Cases concerning cardiovascular and systemic disorders were detected, in particular dabigatran‐associated myocardial infarction (MI) and acute myocardial infarction; evidence of this potential association already emerged from the RE‐LY pre‐authorization trial 5 and other studies 15, 16, 31, although results did not always achieve statistical significance 12, 32. We observed an increased risk of MI associated with rivaroxaban, which is not acknowledged in SmPCs. Again, apixaban had no statistical association with MI. Artang et al. showed no difference in the rate of MI among warfarin versus factor Xa inhibitors users 16; conversely, very recent studies conclude that only dabigatran has some evidence of cardiovascular risk, not supporting potential increased MI risk with direct Xa factor inhibitors 33, 34. In addition, it has to be borne in mind that in our analysis we have not accounted for patients' underlying diseases, although AF is a known risk factor for MI.

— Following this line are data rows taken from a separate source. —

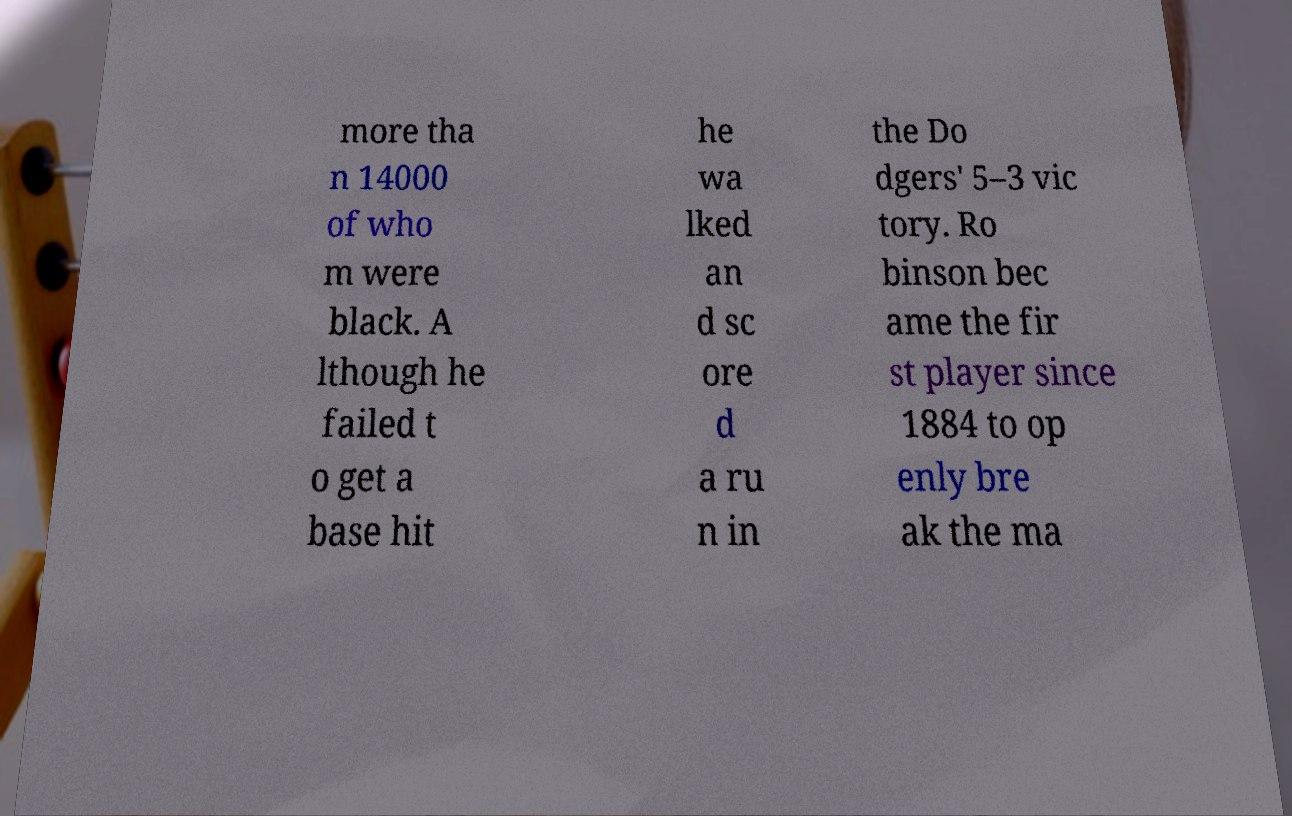For documentation purposes, I need the text within this image transcribed. Could you provide that? more tha n 14000 of who m were black. A lthough he failed t o get a base hit he wa lked an d sc ore d a ru n in the Do dgers' 5–3 vic tory. Ro binson bec ame the fir st player since 1884 to op enly bre ak the ma 
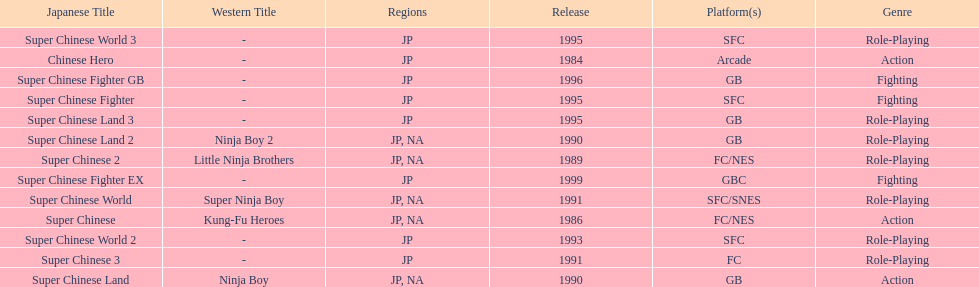The first year a game was released in north america 1986. 
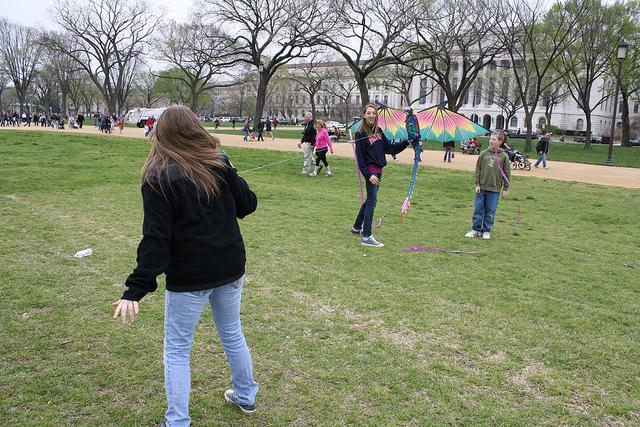What would you likely put in the thing on the ground that looks like garbage? water

According to Caldeira et al., current evidence does not exclude the use of any DOAC in patients with AF for the prevention of acute coronary events 34. However, further efforts need to be made in order to clarify the comparative coronary safety of DOACs.

Statistical analysis highlighted a positive association with angina pectoris for both rivaroxaban and dabigatran; this ADR is acknowledged in rivaroxaban SmPCs, but not in that of dabigatran.

In our research, all DOACs were significantly associated with cardiac failure in both the overall and the individual analysis; nonetheless, it has to be underlined that AF is present in 20–52% of patients with heart failure, and vice versa, hence the onset of these cardiac disorders is strictly connected 35.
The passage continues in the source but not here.